A semantic framework for automatic generation of computational workflows using distributed data and component catalogues

  • Authors:
  • Yolanda Gil;Pedro A. Gonzalez-Calero;Jihie Kim;Joshua Moody;Varun Ratnakar

  • Affiliations:
  • Information Sciences Institute, University of Southern California, Marina del Rey, CA 90292, USA;Facultad de Informatica, Universidad Complutense de Madrid, 28040 Madrid, Spain;Information Sciences Institute, University of Southern California, Marina del Rey, CA 90292, USA;Information Sciences Institute, University of Southern California, Marina del Rey, CA 90292, USA;Information Sciences Institute, University of Southern California, Marina del Rey, CA 90292, USA

  • Venue:
  • Journal of Experimental & Theoretical Artificial Intelligence
  • Year:
  • 2011

Quantified Score

Hi-index 0.00

Visualization

Abstract

Computational workflows are a powerful paradigm to represent and manage complex applications, particularly in large-scale distributed scientific data analysis.

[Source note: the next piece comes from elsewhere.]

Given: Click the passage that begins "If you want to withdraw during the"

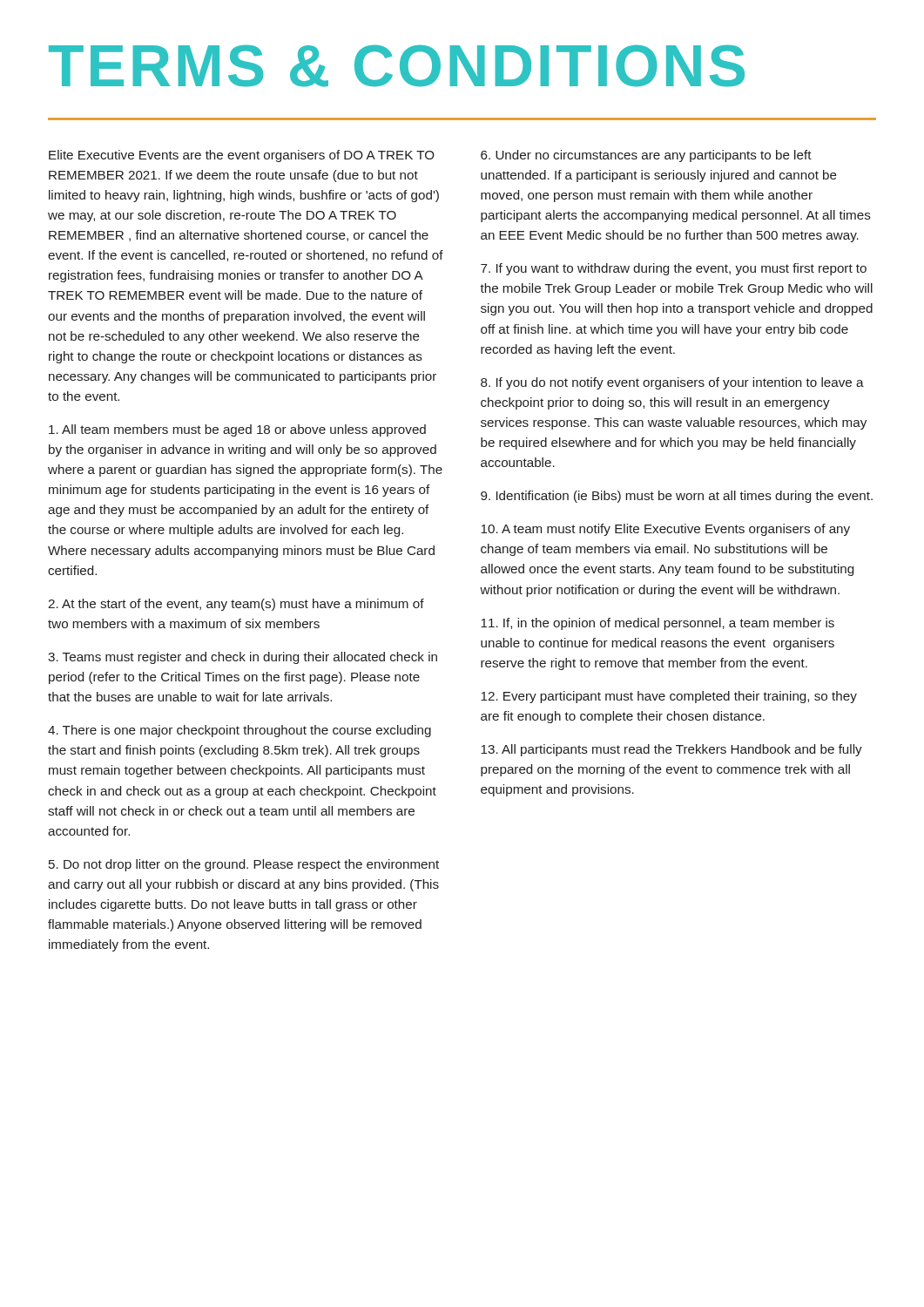Looking at the screenshot, I should [678, 308].

Workflows represent application components that result in individual computations as well as their interdependences in terms of dataflow. Workflow systems use these representations to manage various aspects of workflow creation and execution for users, such as the automatic assignment of execution resources. This article describes an approach to automating a new aspect of the process: the selection of application components and data sources. We present a novel approach that enables users to specify varying degrees of detail and amount of constraints in a workflow request, including the specification of constraints on input, intermediate or output data in the workflow, abstract workflow component classes rather than specific component implementations, and generic reusable workflow templates that express a pre-defined combination of components. The algorithm elaborates the user request into a set of fully ground workflows with specific choices of data sources and codes to be used so that they can be submitted for mapping and execution. The algorithm searches through the space of possible candidate workflows by creating increasingly more specialized versions of the original template and eliminating candidates that violate constraints cumulated in the candidate workflow as components and data sources are selected. A novel feature of our approach is that it assumes a distributed architecture where data and component catalogues are separate from the workflow system. The algorithm explicitly poses queries to external catalogues, and therefore any reasoning regarding data or component properties is not assumed to occur within the workflow system. We describe our implementation of this approach in the Wings workflow system. This implementation uses the W3C Web Ontology Language and associated reasoners to implement the workflow system as well as the data and component catalogues. This research demonstrates the use of artificial intelligence techniques to support the kinds of automation envisioned by the scientific community for large-scale distributed scientific data analysis.